[alsa-devel] [PATCH] treewide: fix typos of SPDX-License-Identifier
Geert Uytterhoeven
geert at linux-m68k.org
Mon Jun 3 09:07:54 CEST 2019
Hi Yamada-san,
On Sat, Jun 1, 2019 at 5:24 AM Masahiro Yamada
<yamada.masahiro at socionext.com> wrote:
> Prior to the adoption of SPDX, it was difficult for tools to determine
> the correct license due to incomplete or badly formatted license text.
> The SPDX solves this issue, assuming people can correctly spell
> "SPDX-License-Identifier" although this assumption is broken in some
> places.
>
> Since scripts/spdxcheck.py parses only lines that exactly matches to
> the correct tag, it cannot (should not) detect this kind of error.
>
> If the correct tag is missing, scripts/checkpatch.pl warns like this:
>
> WARNING: Missing or malformed SPDX-License-Identifier tag in line *
>
> So, people should notice it before the patch submission, but in reality
> broken tags sometimes slip in.
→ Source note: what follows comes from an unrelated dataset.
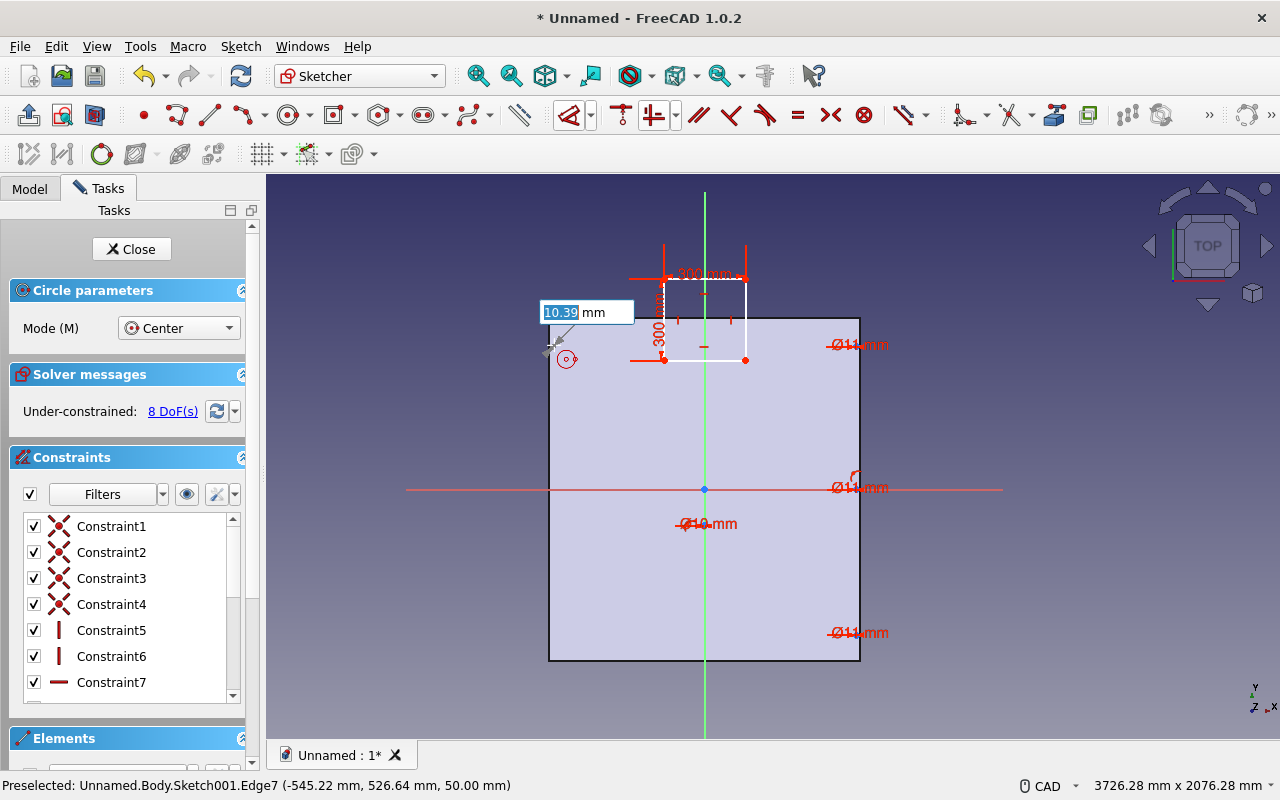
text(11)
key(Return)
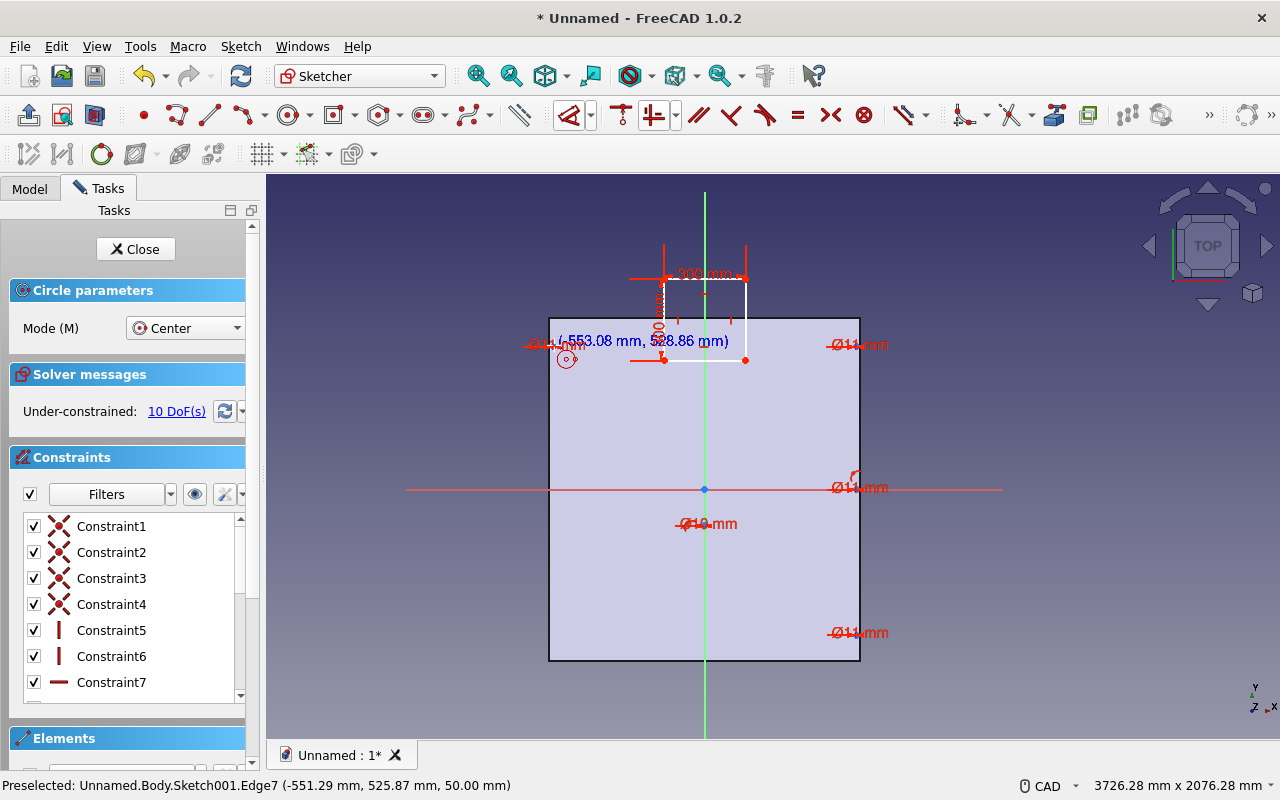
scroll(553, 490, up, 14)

The checkpatch warning is not useful for
> checking the committed files globally since large number of files still
> have no SPDX tag.
>
> Also, I am not sure about the legal effect when the SPDX tag is broken.
>
> Anyway, these typos are absolutely worth fixing. It is pretty easy to
> find suspicious lines by grep.
>
> $ git grep --not -e SPDX-License-Identifier --and -e SPDX- -- \
> :^LICENSES :^scripts/spdxcheck.py :^*/license-rules.rst
> arch/arm/kernel/bugs.c:// SPDX-Identifier: GPL-2.0
> drivers/phy/st/phy-stm32-usbphyc.c:// SPDX-Licence-Identifier: GPL-2.0
> drivers/pinctrl/sh-pfc/pfc-r8a77980.c:// SPDX-Lincense-Identifier: GPL 2.0
> lib/test_stackinit.c:// SPDX-Licenses: GPLv2
> sound/soc/codecs/max9759.c:// SPDX-Licence-Identifier: GPL-2.0
>
> Signed-off-by: Masahiro Yamada <yamada.masahiro at socionext.com>
Thanks for your patch!
> drivers/pinctrl/sh-pfc/pfc-r8a77980.c | 2 +-
For the sh-pfc change:
Acked-by: Geert Uytterhoeven <geert+renesas at glider.be>
Gr{oetje,eeting}s,
Geert
--
Geert Uytterhoeven -- There's lots of Linux beyond ia32 -- geert at linux-m68k.org
In personal conversations with technical people, I call myself a hacker. But
when I'm talking to journalists I just say "programmer" or something like that.